I do believe that at times during that summer, Hove seafront saved me. Whether crashing bicycles or adrift at sea, lifeboat men booming laughter in my direction; down there, I was in the midst of life, in the belly of colour, light, sound. Some nights cycling home, I’d hear nothing but my own wheels on the tarmac, the sea stretching out before me like a beaten sheet of metal, the moon, luminous, wandering.
      
The ideals of my twenties left me crashing and burning in my thirties. I’d become so tired of the endless bullshit, the friends who sharpened their knives, the disappointing lovers. How many men would pass through my eyes before they’d finally grow dark and tired, before I could no longer see, before the mechanisms of sex ground to a halt somewhere between my vulva and my upper ribcage? Before all that I wanted became too much, too impossible, dreaming even higher, craving even more until I was nauseous, an excess of life in the bloodstream, mainlining experience, unable to deal with its consequences?
     
I didn’t realise it then, but those long summer months of survival down at the beach, flitting from England to Wales and back again, were the preparation for a major change in my life.
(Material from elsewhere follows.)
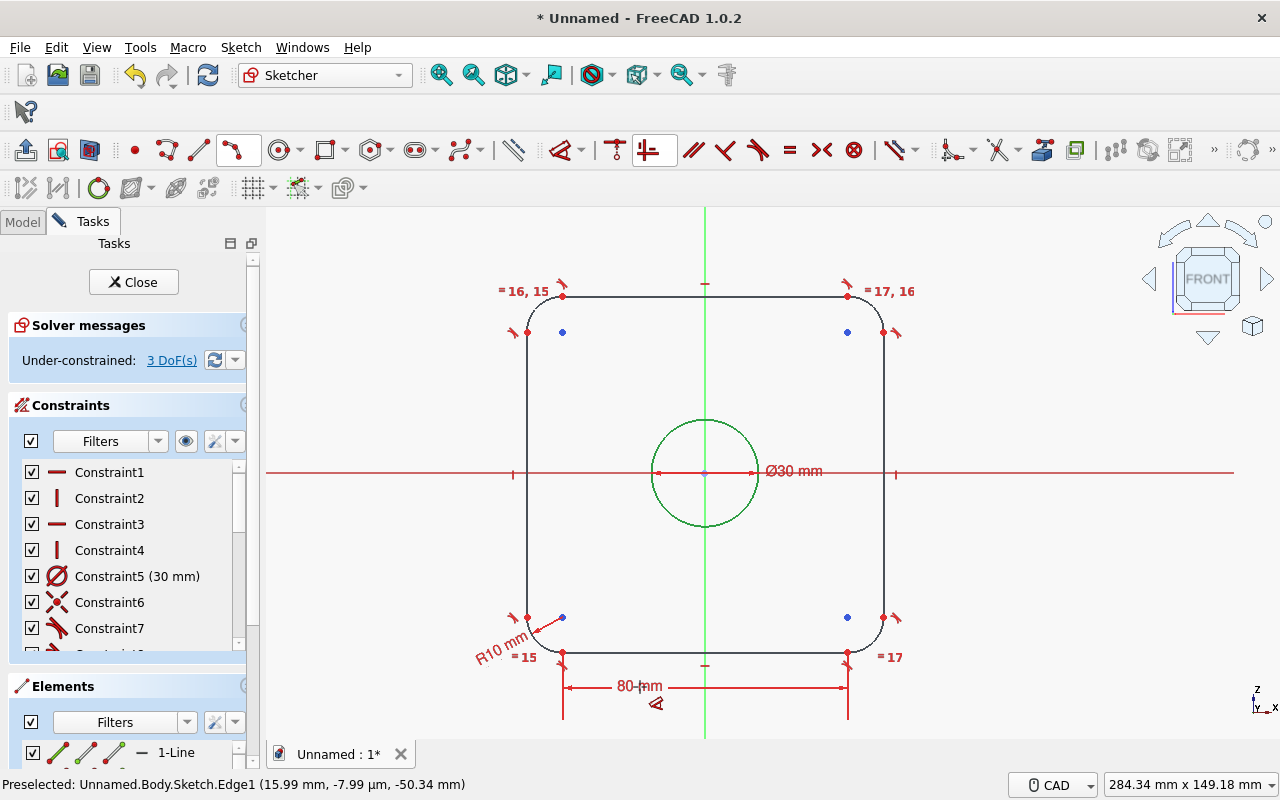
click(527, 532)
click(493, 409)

My ideals had swum away, no religion was going to prevent me from being alone and no lover either. The only thing that closed the gap inside of me was writing. It was then that I understood the world again; it presented itself in colours. I staked my game on it; I put in all my chips. And it was worth it, for those brief seconds when the sky was luminous again and I was permitted to walk on the inside of language. I saw my mother lying before me on her white, sheeted bed, and putting pen to paper, I could articulate my love for her more clearly than ever. Those moments, I was content. The rest was just a ticking clock.